|Oct 20, 08 3:28pm|
|A veteran Umno leader today said he had been asked to pay for votes in an upcoming contest for top posts, and warned that money politics would destroy the organisation.
Foreign Minister Rais Yatim said “the majority” of Umno members were more interested in making money out of the election than in voting for the right person.
“The majority of Umno people want to look for money and not for good leaders,” said Rais, a member of Umno’s decision-making committee who is vying for the vice-presidency.
“We have been approached under the cloak of assistance and cloak of contribution. (But) I’m not a player so you don’t see my marks going up very high.
“If you want to be a good player, you have to say yes (to vote-buying),” he told reporters.
Rais, who has been with Umno for over 33 years, said the problem of money politics within the ruling party should be eradicated or it “will surely kill the party.”
Umno, which has ruled Malaysia since independence, is holding meetings to nominate candidates for party posts after suffering major losses in polls this year. It will hold party elections next March.
“If Umno cannot curb this practice, Umno’s future is done for because this has been (talked about) for the past two decades and it has not been curbed,” he said.

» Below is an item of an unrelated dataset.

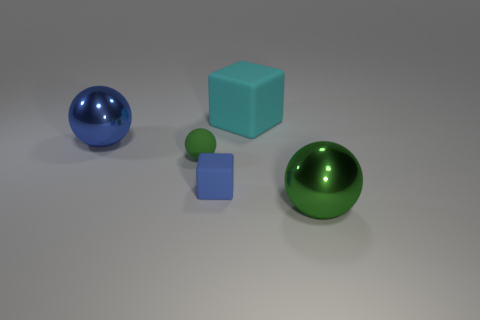What could be the possible materials of these objects? Based on their appearances, the objects seem to be made of different materials. The spheres have a glossy finish that could indicate a smooth, hard material like glass or polished metal. As for the cubes, their matte surface might suggest they are made of a substance like plastic or painted wood. The shiny reflections and the soft shadows give the impression of a studio-like setting, possibly for a 3D rendering or photographic session.

In July, Umno asked the country’s anti-corruption agency to help it battle vote-buying ahead of the heated battle for top leadership positions in the party.
Rais has only garnered five nominations of the 19 needed to contest in the party polls.

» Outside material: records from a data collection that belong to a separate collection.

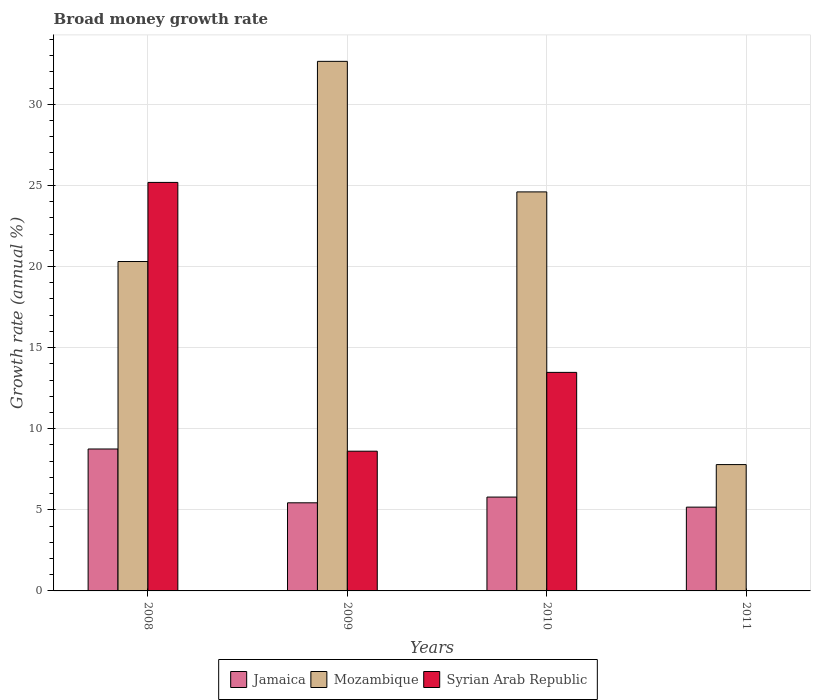How many different coloured bars are there?
Keep it short and to the point. 3. How many groups of bars are there?
Provide a short and direct response. 4. What is the label of the 4th group of bars from the left?
Give a very brief answer. 2011. What is the growth rate in Jamaica in 2010?
Make the answer very short. 5.79. Across all years, what is the maximum growth rate in Jamaica?
Give a very brief answer. 8.75. Across all years, what is the minimum growth rate in Mozambique?
Your answer should be compact. 7.79. What is the total growth rate in Jamaica in the graph?
Provide a short and direct response. 25.13. What is the difference between the growth rate in Jamaica in 2009 and that in 2011?
Provide a short and direct response. 0.27. What is the difference between the growth rate in Syrian Arab Republic in 2011 and the growth rate in Mozambique in 2009?
Give a very brief answer. -32.64. What is the average growth rate in Mozambique per year?
Offer a very short reply. 21.33. In the year 2010, what is the difference between the growth rate in Syrian Arab Republic and growth rate in Jamaica?
Ensure brevity in your answer.  7.69. What is the ratio of the growth rate in Mozambique in 2009 to that in 2011?
Keep it short and to the point. 4.19. Is the growth rate in Jamaica in 2008 less than that in 2011?
Give a very brief answer. No. Is the difference between the growth rate in Syrian Arab Republic in 2008 and 2009 greater than the difference between the growth rate in Jamaica in 2008 and 2009?
Provide a succinct answer. Yes. What is the difference between the highest and the second highest growth rate in Syrian Arab Republic?
Offer a terse response. 11.71. What is the difference between the highest and the lowest growth rate in Syrian Arab Republic?
Provide a short and direct response. 25.18. Is it the case that in every year, the sum of the growth rate in Syrian Arab Republic and growth rate in Mozambique is greater than the growth rate in Jamaica?
Your answer should be very brief. Yes. How many bars are there?
Offer a terse response. 11. How many years are there in the graph?
Make the answer very short. 4. What is the difference between two consecutive major ticks on the Y-axis?
Offer a very short reply. 5. How are the legend labels stacked?
Make the answer very short. Horizontal. What is the title of the graph?
Provide a succinct answer. Broad money growth rate. What is the label or title of the X-axis?
Your answer should be compact. Years. What is the label or title of the Y-axis?
Keep it short and to the point. Growth rate (annual %). What is the Growth rate (annual %) of Jamaica in 2008?
Make the answer very short. 8.75. What is the Growth rate (annual %) in Mozambique in 2008?
Your answer should be compact. 20.3. What is the Growth rate (annual %) in Syrian Arab Republic in 2008?
Ensure brevity in your answer.  25.18. What is the Growth rate (annual %) in Jamaica in 2009?
Keep it short and to the point. 5.43. What is the Growth rate (annual %) in Mozambique in 2009?
Provide a short and direct response. 32.64. What is the Growth rate (annual %) of Syrian Arab Republic in 2009?
Provide a succinct answer. 8.61. What is the Growth rate (annual %) in Jamaica in 2010?
Offer a very short reply. 5.79. What is the Growth rate (annual %) in Mozambique in 2010?
Offer a terse response. 24.6. What is the Growth rate (annual %) of Syrian Arab Republic in 2010?
Your answer should be very brief. 13.47. What is the Growth rate (annual %) in Jamaica in 2011?
Your response must be concise. 5.16. What is the Growth rate (annual %) of Mozambique in 2011?
Make the answer very short. 7.79. What is the Growth rate (annual %) in Syrian Arab Republic in 2011?
Offer a very short reply. 0. Across all years, what is the maximum Growth rate (annual %) in Jamaica?
Provide a succinct answer. 8.75. Across all years, what is the maximum Growth rate (annual %) of Mozambique?
Your answer should be very brief. 32.64. Across all years, what is the maximum Growth rate (annual %) of Syrian Arab Republic?
Your answer should be compact. 25.18. Across all years, what is the minimum Growth rate (annual %) of Jamaica?
Ensure brevity in your answer.  5.16. Across all years, what is the minimum Growth rate (annual %) in Mozambique?
Give a very brief answer. 7.79. What is the total Growth rate (annual %) of Jamaica in the graph?
Provide a short and direct response. 25.13. What is the total Growth rate (annual %) of Mozambique in the graph?
Offer a terse response. 85.33. What is the total Growth rate (annual %) of Syrian Arab Republic in the graph?
Provide a succinct answer. 47.27. What is the difference between the Growth rate (annual %) of Jamaica in 2008 and that in 2009?
Make the answer very short. 3.32. What is the difference between the Growth rate (annual %) of Mozambique in 2008 and that in 2009?
Provide a short and direct response. -12.34. What is the difference between the Growth rate (annual %) of Syrian Arab Republic in 2008 and that in 2009?
Provide a succinct answer. 16.57. What is the difference between the Growth rate (annual %) of Jamaica in 2008 and that in 2010?
Keep it short and to the point. 2.96. What is the difference between the Growth rate (annual %) in Mozambique in 2008 and that in 2010?
Offer a terse response. -4.29. What is the difference between the Growth rate (annual %) in Syrian Arab Republic in 2008 and that in 2010?
Offer a terse response. 11.71. What is the difference between the Growth rate (annual %) of Jamaica in 2008 and that in 2011?
Provide a succinct answer. 3.58. What is the difference between the Growth rate (annual %) in Mozambique in 2008 and that in 2011?
Offer a very short reply. 12.52. What is the difference between the Growth rate (annual %) of Jamaica in 2009 and that in 2010?
Offer a terse response. -0.35. What is the difference between the Growth rate (annual %) of Mozambique in 2009 and that in 2010?
Ensure brevity in your answer.  8.05. What is the difference between the Growth rate (annual %) of Syrian Arab Republic in 2009 and that in 2010?
Provide a short and direct response. -4.86. What is the difference between the Growth rate (annual %) of Jamaica in 2009 and that in 2011?
Make the answer very short. 0.27. What is the difference between the Growth rate (annual %) of Mozambique in 2009 and that in 2011?
Provide a succinct answer. 24.86. What is the difference between the Growth rate (annual %) of Jamaica in 2010 and that in 2011?
Your answer should be very brief. 0.62. What is the difference between the Growth rate (annual %) in Mozambique in 2010 and that in 2011?
Give a very brief answer. 16.81. What is the difference between the Growth rate (annual %) of Jamaica in 2008 and the Growth rate (annual %) of Mozambique in 2009?
Your answer should be compact. -23.89. What is the difference between the Growth rate (annual %) in Jamaica in 2008 and the Growth rate (annual %) in Syrian Arab Republic in 2009?
Your answer should be very brief. 0.14. What is the difference between the Growth rate (annual %) in Mozambique in 2008 and the Growth rate (annual %) in Syrian Arab Republic in 2009?
Your response must be concise. 11.69. What is the difference between the Growth rate (annual %) of Jamaica in 2008 and the Growth rate (annual %) of Mozambique in 2010?
Give a very brief answer. -15.85. What is the difference between the Growth rate (annual %) of Jamaica in 2008 and the Growth rate (annual %) of Syrian Arab Republic in 2010?
Your answer should be very brief. -4.72. What is the difference between the Growth rate (annual %) of Mozambique in 2008 and the Growth rate (annual %) of Syrian Arab Republic in 2010?
Provide a short and direct response. 6.83. What is the difference between the Growth rate (annual %) of Jamaica in 2008 and the Growth rate (annual %) of Mozambique in 2011?
Offer a very short reply. 0.96. What is the difference between the Growth rate (annual %) in Jamaica in 2009 and the Growth rate (annual %) in Mozambique in 2010?
Your response must be concise. -19.16. What is the difference between the Growth rate (annual %) of Jamaica in 2009 and the Growth rate (annual %) of Syrian Arab Republic in 2010?
Your answer should be compact. -8.04. What is the difference between the Growth rate (annual %) in Mozambique in 2009 and the Growth rate (annual %) in Syrian Arab Republic in 2010?
Give a very brief answer. 19.17. What is the difference between the Growth rate (annual %) of Jamaica in 2009 and the Growth rate (annual %) of Mozambique in 2011?
Give a very brief answer. -2.36. What is the difference between the Growth rate (annual %) of Jamaica in 2010 and the Growth rate (annual %) of Mozambique in 2011?
Your answer should be very brief. -2. What is the average Growth rate (annual %) of Jamaica per year?
Your answer should be compact. 6.28. What is the average Growth rate (annual %) of Mozambique per year?
Your answer should be very brief. 21.33. What is the average Growth rate (annual %) in Syrian Arab Republic per year?
Make the answer very short. 11.82. In the year 2008, what is the difference between the Growth rate (annual %) in Jamaica and Growth rate (annual %) in Mozambique?
Make the answer very short. -11.56. In the year 2008, what is the difference between the Growth rate (annual %) in Jamaica and Growth rate (annual %) in Syrian Arab Republic?
Ensure brevity in your answer.  -16.43. In the year 2008, what is the difference between the Growth rate (annual %) of Mozambique and Growth rate (annual %) of Syrian Arab Republic?
Keep it short and to the point. -4.88. In the year 2009, what is the difference between the Growth rate (annual %) in Jamaica and Growth rate (annual %) in Mozambique?
Make the answer very short. -27.21. In the year 2009, what is the difference between the Growth rate (annual %) in Jamaica and Growth rate (annual %) in Syrian Arab Republic?
Provide a short and direct response. -3.18. In the year 2009, what is the difference between the Growth rate (annual %) of Mozambique and Growth rate (annual %) of Syrian Arab Republic?
Ensure brevity in your answer.  24.03. In the year 2010, what is the difference between the Growth rate (annual %) of Jamaica and Growth rate (annual %) of Mozambique?
Offer a terse response. -18.81. In the year 2010, what is the difference between the Growth rate (annual %) of Jamaica and Growth rate (annual %) of Syrian Arab Republic?
Your answer should be compact. -7.69. In the year 2010, what is the difference between the Growth rate (annual %) in Mozambique and Growth rate (annual %) in Syrian Arab Republic?
Keep it short and to the point. 11.13. In the year 2011, what is the difference between the Growth rate (annual %) in Jamaica and Growth rate (annual %) in Mozambique?
Offer a very short reply. -2.62. What is the ratio of the Growth rate (annual %) in Jamaica in 2008 to that in 2009?
Ensure brevity in your answer.  1.61. What is the ratio of the Growth rate (annual %) of Mozambique in 2008 to that in 2009?
Provide a short and direct response. 0.62. What is the ratio of the Growth rate (annual %) of Syrian Arab Republic in 2008 to that in 2009?
Your answer should be very brief. 2.92. What is the ratio of the Growth rate (annual %) of Jamaica in 2008 to that in 2010?
Your answer should be very brief. 1.51. What is the ratio of the Growth rate (annual %) of Mozambique in 2008 to that in 2010?
Your response must be concise. 0.83. What is the ratio of the Growth rate (annual %) of Syrian Arab Republic in 2008 to that in 2010?
Give a very brief answer. 1.87. What is the ratio of the Growth rate (annual %) of Jamaica in 2008 to that in 2011?
Offer a terse response. 1.69. What is the ratio of the Growth rate (annual %) in Mozambique in 2008 to that in 2011?
Your response must be concise. 2.61. What is the ratio of the Growth rate (annual %) in Jamaica in 2009 to that in 2010?
Give a very brief answer. 0.94. What is the ratio of the Growth rate (annual %) of Mozambique in 2009 to that in 2010?
Ensure brevity in your answer.  1.33. What is the ratio of the Growth rate (annual %) in Syrian Arab Republic in 2009 to that in 2010?
Provide a short and direct response. 0.64. What is the ratio of the Growth rate (annual %) of Jamaica in 2009 to that in 2011?
Provide a succinct answer. 1.05. What is the ratio of the Growth rate (annual %) of Mozambique in 2009 to that in 2011?
Your response must be concise. 4.19. What is the ratio of the Growth rate (annual %) of Jamaica in 2010 to that in 2011?
Your answer should be very brief. 1.12. What is the ratio of the Growth rate (annual %) of Mozambique in 2010 to that in 2011?
Keep it short and to the point. 3.16. What is the difference between the highest and the second highest Growth rate (annual %) in Jamaica?
Your answer should be compact. 2.96. What is the difference between the highest and the second highest Growth rate (annual %) of Mozambique?
Your response must be concise. 8.05. What is the difference between the highest and the second highest Growth rate (annual %) of Syrian Arab Republic?
Your answer should be very brief. 11.71. What is the difference between the highest and the lowest Growth rate (annual %) in Jamaica?
Offer a very short reply. 3.58. What is the difference between the highest and the lowest Growth rate (annual %) of Mozambique?
Ensure brevity in your answer.  24.86. What is the difference between the highest and the lowest Growth rate (annual %) of Syrian Arab Republic?
Keep it short and to the point. 25.18.

Supreme council meeting tonight
Meanwhile, the party’s highest decision-making body, the supreme council, held a meeting which lasted for some four hours at the Putra World Trade Centre tonight.

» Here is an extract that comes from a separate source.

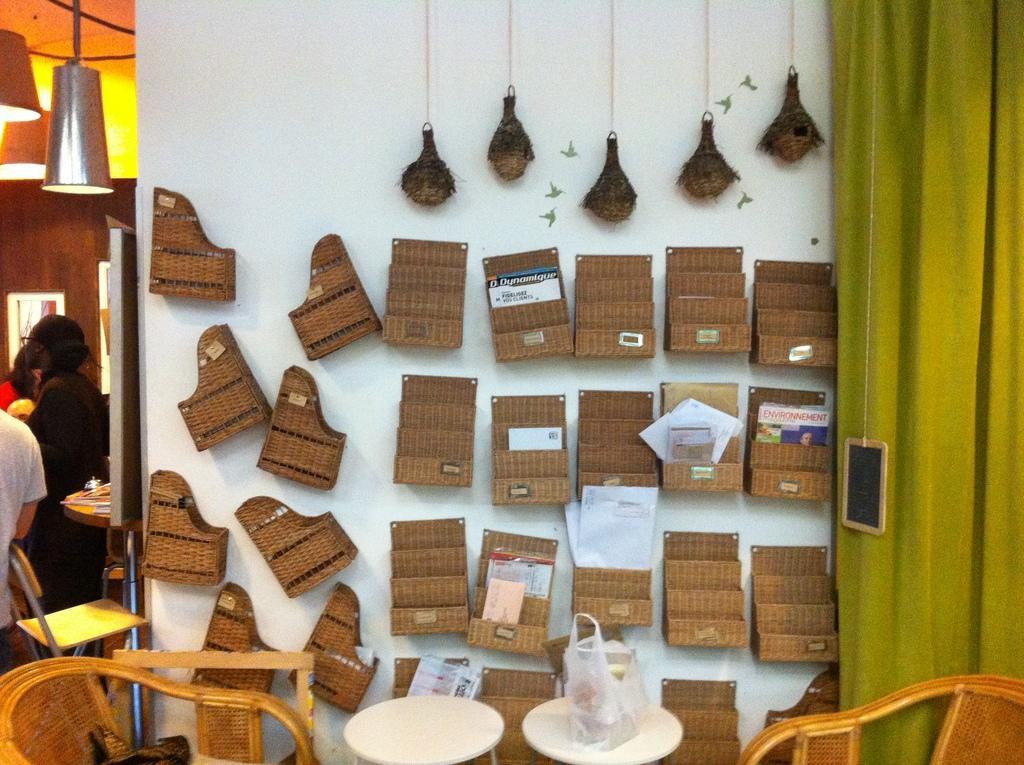How would you summarize this image in a sentence or two? In this image, There are some chairs in yellow color, There is a table on that there are two plates of white color, In the background there is a green color curtain and in the middle. There is a wall of white color and there are some brown color objects are placed, In the left side there are some people standing.

The party was expected to discuss renewed calls made for the party polls to be brought back to December from next March.
However party president Abdullah Ahmad Badawi did not hold a press conference at the end of the meeting.
“The press is not even supposed to be here,” quipped Abdullah when he was pressed by journalists on what had transpired at the meeting which started at 8.30pm.
Earlier today, when asked to comment on the calls to bring the party polls back to December, Abdullah told reporters to wait for the supreme council meeting to be over first.
“Wait. There, we will meet the media and we will inform you then,” he had said.
Although the party had adjourned its elections from December to next March, there have been calls from various party leaders for the polls to be brought back to December.
Many said that the campaigning period was too long before party polls in five months time while others argued that this was a move to make Abdullah step down much earlier than his earlier promise to do so in March.
In recent days, deputy president hopeful Muhyiddin Yassin also had backed such calls for the party polls to be brought back to December.
And tonight Muhyiddin informed reporters that the supreme council meeting had nothing to do with party polls.